Level: | Easy |
Total: | 2 hr 20 min |
Prep: | 1 hr |
Cook: | 1 hr 20 min |
Yield: | 8 to 10 servings |
Ingredients
- Basic Vanilla Cake, baked and cooled, recipe follows
- 1/4 cup pineapple juice
- 1 1/4 cups chopped dried pineapple
- 1/2 cup pineapple juice
- 1/4 cup cream of coconut
- 2 1/2 sticks unsalted butter, at room temperature
- Pinch of salt
- 2 1/4 cups confectioners’ sugar
- 1/3 cup cream of coconut
- 1/2 cup coconut flakes, toasted
- 1/4 cup chopped dried pineapple
- 2 sticks unsalted butter, at room temperature, plus more for the pans
- 3 cups all-purpose flour, plus more for the pans
- 1 tablespoon baking powder
- 1/2 teaspoon salt
- 1 1/2 cups sugar
- 4 large eggs, at room temperature
- 1 tablespoon vanilla extract
- 3/4 cup heavy cream
Instructions
- Prepare the cake: Poke holes all over the tops of the 2 cake layers using a toothpick. Brush the cakes with the pineapple juice, letting it soak into the holes; set aside.
- Make the filling: Bring the dried pineapple, pineapple juice, cream of coconut and 1/2 cup water to a simmer in a medium saucepan over medium heat. Cook, stirring occasionally, until the dried pineapple is soft and the liquid is reduced to a thick syrup, about 20 minutes. Let cool, then mash with a potato masher to make a chunky jam.
- Make the frosting: Beat the butter and salt in a large bowl with a mixer on medium speed until smooth and fluffy, 1 to 2 minutes. Gradually beat in the confectioners’ sugar until smooth. Add the cream of coconut, increase the mixer speed to medium high and beat until thick, 2 to 3 more minutes. Assemble the cake: Place 1 cake layer on a platter; spread the pineapple filling on top, stopping about 1/2 inch from the edge. Top with the second cake layer and press down gently. Cover the whole cake with the coconut frosting. Top with the toasted coconut and dried pineapple.
- Preheat the oven to 350 degrees F. Butter two 9-inch-round cake pans and line the bottoms with parchment paper; butter the parchment and dust the pans with flour, tapping out the excess.
- Whisk 3 cups flour, the baking powder and salt in a bowl until combined. Beat 2 sticks butter and the sugar in a large bowl with a mixer on medium-high speed until light and fluffy, about 3 minutes. Reduce the mixer speed to medium; beat in the eggs, one at a time, scraping down the bowl as needed. Beat in the vanilla. (The mixture may look separated at this point.)
- Mix 1/2 cup water with the cream in a liquid measuring cup or bowl. Beat the flour mixture into the butter mixture in 3 batches, alternating with the cream mixture, beginning and ending with flour, until just smooth.
- Divide the batter between the prepared pans. Bake until the cakes are lightly golden on top and the centers spring back when pressed, 25 to 30 minutes. Transfer to racks and let cool 10 minutes, then run a knife around the edge of the pans and turn the cakes out onto the racks to cool completely. Remove the parchment. Trim the tops of the cakes with a long serrated knife to make them level, if desired.
Nutrition Facts
Serving Size | 1 of 10 servings |
Calories | 929 |
Total Fat | 56 g |
Saturated Fat | 36 g |
Carbohydrates | 103 g |
Dietary Fiber | 2 g |
Sugar | 71 g |
Protein | 8 g |
Cholesterol | 208 mg |
Sodium | 291 mg |
Reviews
I just tried this recipe. The cake turned out dry. It tastes ok but too much fuss for something that’s mediocre.
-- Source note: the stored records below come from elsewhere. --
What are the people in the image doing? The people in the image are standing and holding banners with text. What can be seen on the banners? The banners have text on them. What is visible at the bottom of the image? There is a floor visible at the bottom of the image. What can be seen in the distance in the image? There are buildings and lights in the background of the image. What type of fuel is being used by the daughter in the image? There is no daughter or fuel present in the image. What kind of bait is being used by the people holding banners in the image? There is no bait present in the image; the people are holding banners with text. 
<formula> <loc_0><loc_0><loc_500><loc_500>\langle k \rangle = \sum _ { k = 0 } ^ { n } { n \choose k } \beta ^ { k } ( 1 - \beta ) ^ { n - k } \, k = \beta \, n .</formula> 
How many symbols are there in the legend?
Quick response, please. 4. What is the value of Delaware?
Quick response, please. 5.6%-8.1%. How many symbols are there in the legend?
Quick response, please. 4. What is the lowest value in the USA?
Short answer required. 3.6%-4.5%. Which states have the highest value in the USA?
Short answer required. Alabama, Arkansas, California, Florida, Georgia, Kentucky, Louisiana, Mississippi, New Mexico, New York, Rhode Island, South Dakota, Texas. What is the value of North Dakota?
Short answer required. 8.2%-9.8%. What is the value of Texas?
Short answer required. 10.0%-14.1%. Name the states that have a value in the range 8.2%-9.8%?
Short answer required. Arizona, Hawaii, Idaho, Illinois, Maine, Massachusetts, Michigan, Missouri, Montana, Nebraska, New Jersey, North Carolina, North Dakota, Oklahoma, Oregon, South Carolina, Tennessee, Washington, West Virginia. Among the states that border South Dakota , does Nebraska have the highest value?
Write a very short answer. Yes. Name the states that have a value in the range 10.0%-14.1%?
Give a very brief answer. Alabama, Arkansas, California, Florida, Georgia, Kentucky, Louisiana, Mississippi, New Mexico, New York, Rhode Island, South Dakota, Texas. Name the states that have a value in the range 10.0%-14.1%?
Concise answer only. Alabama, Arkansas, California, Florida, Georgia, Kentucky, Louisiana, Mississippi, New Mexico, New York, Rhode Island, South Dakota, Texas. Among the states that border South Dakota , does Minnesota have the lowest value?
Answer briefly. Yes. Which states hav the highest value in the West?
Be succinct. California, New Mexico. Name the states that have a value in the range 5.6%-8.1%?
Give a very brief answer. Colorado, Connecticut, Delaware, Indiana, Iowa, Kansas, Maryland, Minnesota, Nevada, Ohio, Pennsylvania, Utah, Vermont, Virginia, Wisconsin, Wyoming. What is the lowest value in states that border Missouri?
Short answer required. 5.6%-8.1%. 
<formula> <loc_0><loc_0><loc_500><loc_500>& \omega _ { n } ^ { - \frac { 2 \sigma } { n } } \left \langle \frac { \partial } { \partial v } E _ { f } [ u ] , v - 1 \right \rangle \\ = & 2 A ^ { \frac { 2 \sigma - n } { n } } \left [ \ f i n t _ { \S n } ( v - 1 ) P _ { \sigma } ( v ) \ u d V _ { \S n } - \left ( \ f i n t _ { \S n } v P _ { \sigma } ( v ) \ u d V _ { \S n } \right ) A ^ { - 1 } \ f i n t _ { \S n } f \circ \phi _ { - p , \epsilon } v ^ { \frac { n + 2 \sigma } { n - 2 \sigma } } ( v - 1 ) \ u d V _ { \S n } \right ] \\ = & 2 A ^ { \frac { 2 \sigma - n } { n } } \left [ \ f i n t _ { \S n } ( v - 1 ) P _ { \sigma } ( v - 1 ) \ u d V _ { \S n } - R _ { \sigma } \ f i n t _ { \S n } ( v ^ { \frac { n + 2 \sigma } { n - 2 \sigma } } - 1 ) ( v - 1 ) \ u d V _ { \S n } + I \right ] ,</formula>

could i add rum if i wanted
I wanted to find a recipe for a friends birthday cake who’s favourite drink is Pina Colada. I made the basic cake recipe changing the heavy cream to alpro coconut cream from chiller cabinet, vanilla essence to a ready made pina colada alcoholic drink and cautiously 2 drops of coconut essence. The mix was a little thick so added a little more cream – altogether about 200ml in total. I made sugar syrup using PC drink and sugar heated and brushed the tops of the cake.I didn’t want frosting this time so filled with pineapple jam and small pieces of drained tinned pineapple.Topped with icing powder mixed with PC drink and lime zest – was a bit thin but nice glaze. Tasted lovely, smooth soft sponge, good rise. Very happy and will try with frosting next time.
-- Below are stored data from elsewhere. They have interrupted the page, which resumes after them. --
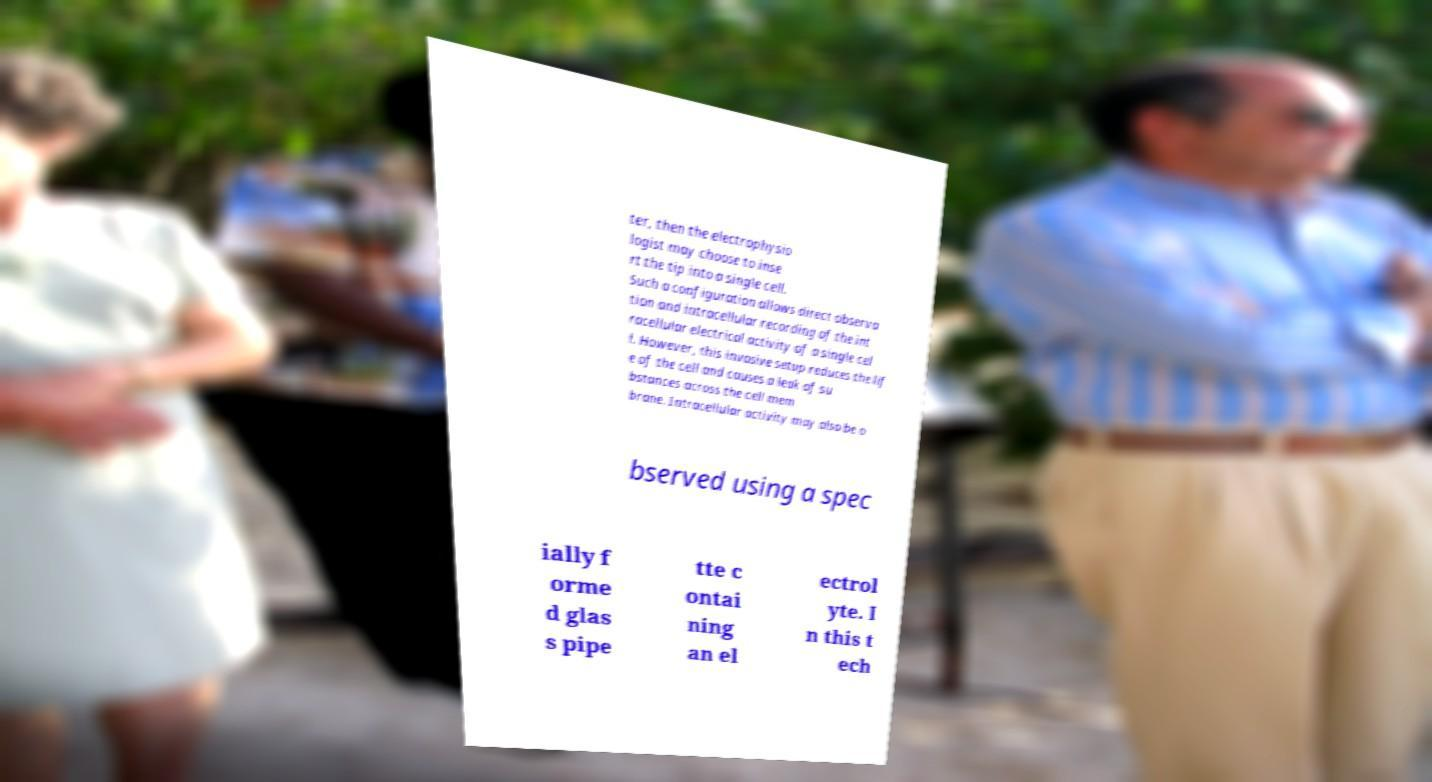For documentation purposes, I need the text within this image transcribed. Could you provide that? ter, then the electrophysio logist may choose to inse rt the tip into a single cell. Such a configuration allows direct observa tion and intracellular recording of the int racellular electrical activity of a single cel l. However, this invasive setup reduces the lif e of the cell and causes a leak of su bstances across the cell mem brane. Intracellular activity may also be o bserved using a spec ially f orme d glas s pipe tte c ontai ning an el ectrol yte. I n this t ech 
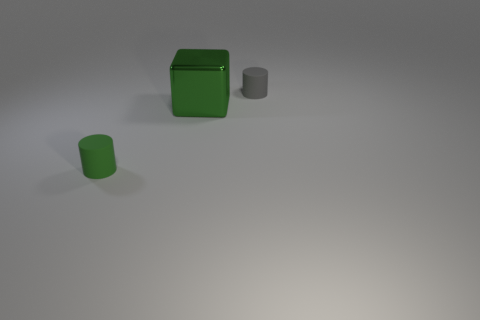There is a gray object; is its shape the same as the tiny matte thing in front of the large cube?
Provide a succinct answer. Yes. Are there an equal number of gray objects left of the green rubber cylinder and tiny gray matte objects to the right of the tiny gray cylinder?
Make the answer very short. Yes. How many other objects are the same material as the big thing?
Keep it short and to the point. 0. How many matte objects are large red cylinders or small cylinders?
Provide a succinct answer. 2. Do the small object that is on the left side of the big block and the tiny gray object have the same shape?
Provide a short and direct response. Yes. Are there more tiny green things that are in front of the big block than small green matte balls?
Provide a short and direct response. Yes. How many tiny cylinders are to the right of the green metallic cube and to the left of the gray object?
Your answer should be very brief. 0. There is a thing behind the green object on the right side of the green cylinder; what is its color?
Make the answer very short. Gray. How many other objects have the same color as the big metallic thing?
Ensure brevity in your answer.  1. There is a shiny block; is it the same color as the tiny cylinder that is right of the green rubber thing?
Your answer should be very brief. No.

I made this for my birthday, using the cake recipe listed. It was amazing! A stand mixer is a must for this recipe. Use the leftover pineapple juice and cream of coconut for pina coladas!!
Looks Yummy!
I used a different vanilla cake recipe since the one they gave got bad reviews. Other than that thecake was awesome. Not hard to put together. I would absolutely make this again!